In 1950, following a divorce, he married his second wife, Mildred Jane Topp, also from Omaha, and an English major from the University of Nebraska. They were together for 45 years and she died in 1998.

==Accomplishments==
He was a teacher for nearly 60 years, supervising many masters and doctoral students. While an academic, he continued to invent, and is credited with more than 150 US patents, as well as 350 papers, including important ones on the theory and practice of distillation.

In 1945, together with Dr. Raymond Eller Kirk (1890–1957), a chemist at the same institute, he began the work which became the Kirk-Othmer Encyclopedia of Chemical Technology, a major reference work. (At that time the only comparable reference work was Ullmann's Encyclopedia of Industrial Chemistry, in German.) In 1947 the first volume was published, and it was completed in 1949. The 5th edition was completed in 2007 with 27 volumes, which is the current (2021) edition.

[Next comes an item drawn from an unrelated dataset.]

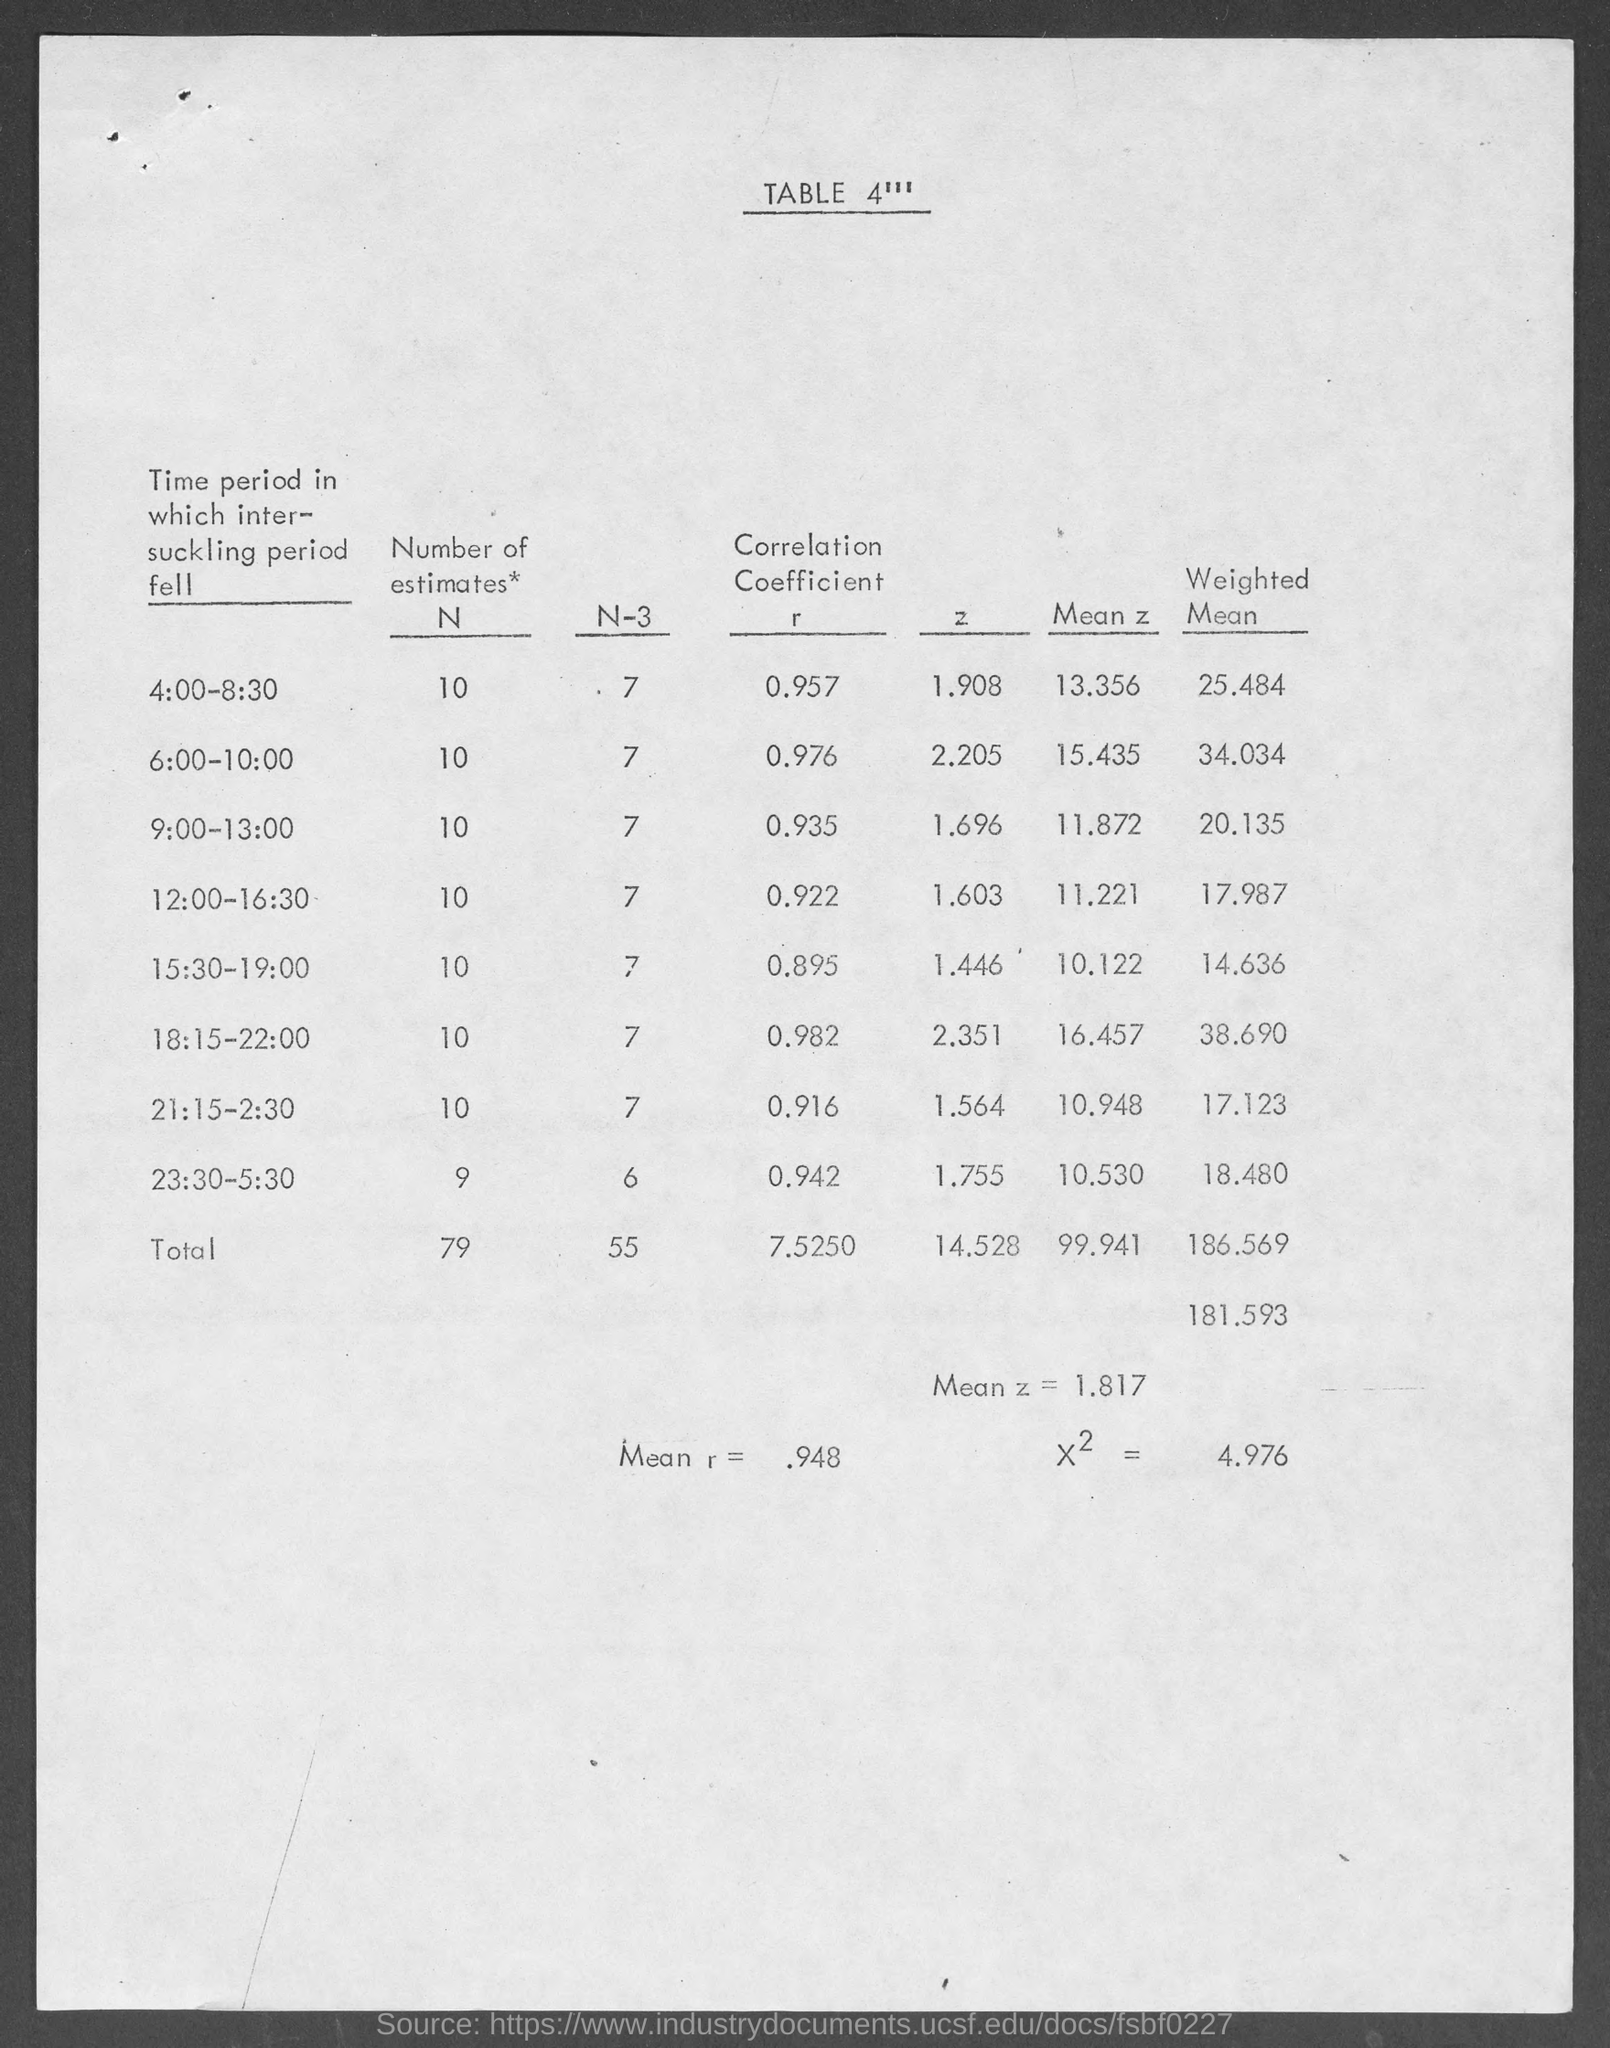List a handful of essential elements in this visual. The last column heading of the table is 'Weighted Mean.' The total mean of r is approximately 0.948. What is the table number? TABLE 4 is the correct answer. The total mean of z is 1.817...

For this and other achievements he received awards from the American Institute of Chemical Engineers, the American Chemical Society, the American Institute of Chemists and the Society of Chemical Industry. In 1987 he received the New York City Mayor's Award of Honor for Science and Technology. He was named by the readers of Chemical and Engineering News as one of the 75 greatest chemical scientists ever.

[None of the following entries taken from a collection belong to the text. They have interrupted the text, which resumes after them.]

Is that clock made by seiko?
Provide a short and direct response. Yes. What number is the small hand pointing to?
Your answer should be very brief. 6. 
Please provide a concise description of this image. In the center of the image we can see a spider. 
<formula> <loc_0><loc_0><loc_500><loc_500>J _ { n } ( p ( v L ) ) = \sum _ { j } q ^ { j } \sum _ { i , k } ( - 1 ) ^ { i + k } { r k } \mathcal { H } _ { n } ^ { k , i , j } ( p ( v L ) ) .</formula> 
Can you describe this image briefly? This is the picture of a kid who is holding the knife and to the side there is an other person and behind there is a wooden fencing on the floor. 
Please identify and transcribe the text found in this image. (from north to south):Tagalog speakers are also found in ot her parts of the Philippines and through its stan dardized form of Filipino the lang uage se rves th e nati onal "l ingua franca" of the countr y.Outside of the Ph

Beginning with a $25,000 investment in a Warren Buffett partnership in the early sixties, the Othmers accumulated a substantial stake in Berkshire Hathaway. At the time of Mildred Othmer's death, their estate totaled more than $750 million, much of which was disbursed in major bequests. These included Polytechnic University, Long Island College Hospital, Brooklyn, the University of Nebraska and the Chemical Heritage Foundation, resulting in the Othmer Library of Chemical History. A major bequest was made to Planned Parenthood of New York, resulting in the Othmer Institute.

He and his wife had supported many other causes in their lifetimes, particularly in the fields of local history, medical care and institutions related to chemistry and chemical engineering. They are commemorated by buildings and awards including the AIChE Sophomore Academic Excellence Award.

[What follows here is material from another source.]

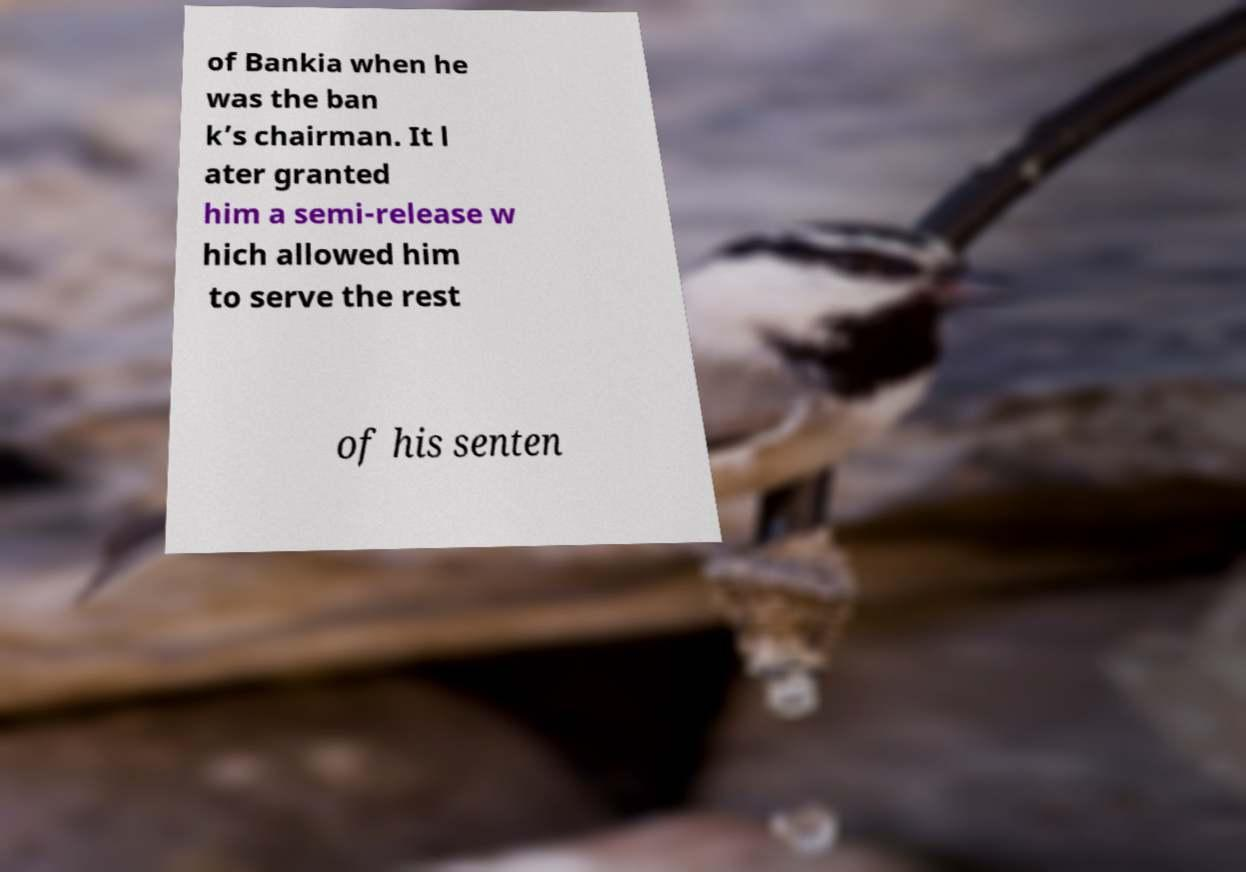For documentation purposes, I need the text within this image transcribed. Could you provide that? of Bankia when he was the ban k’s chairman. It l ater granted him a semi-release w hich allowed him to serve the rest of his senten

==Things named after Donald Othmer==
- Othmer Building of the American Chemical Society.
- Othmer Building of the Long Island College Hospital.
- Othmer Gold Medal
- Othmer Hall houses the Department of Chemical and Biomolecular Engineering at the University of Nebraska–Lincoln.
- Othmer Institute of Planned Parenthood, New York.
- Othmer Library at the Center for Brooklyn History.
- Othmer Library of Chemical History of the Chemical Heritage Foundation.
- Othmer National Scholarship Awards of the American Institute of Chemical Engineers.
- Othmer Olympiad Endowment of the American Chemical Society.
- Othmer Residence Hall at NYU School of Engineering.
- Othmermeter: A simple device for measuring the somniferous power of a lecturer's speech pattern
- Othmer Still: A laboratory device for vapor-liquid equilibrium measurements.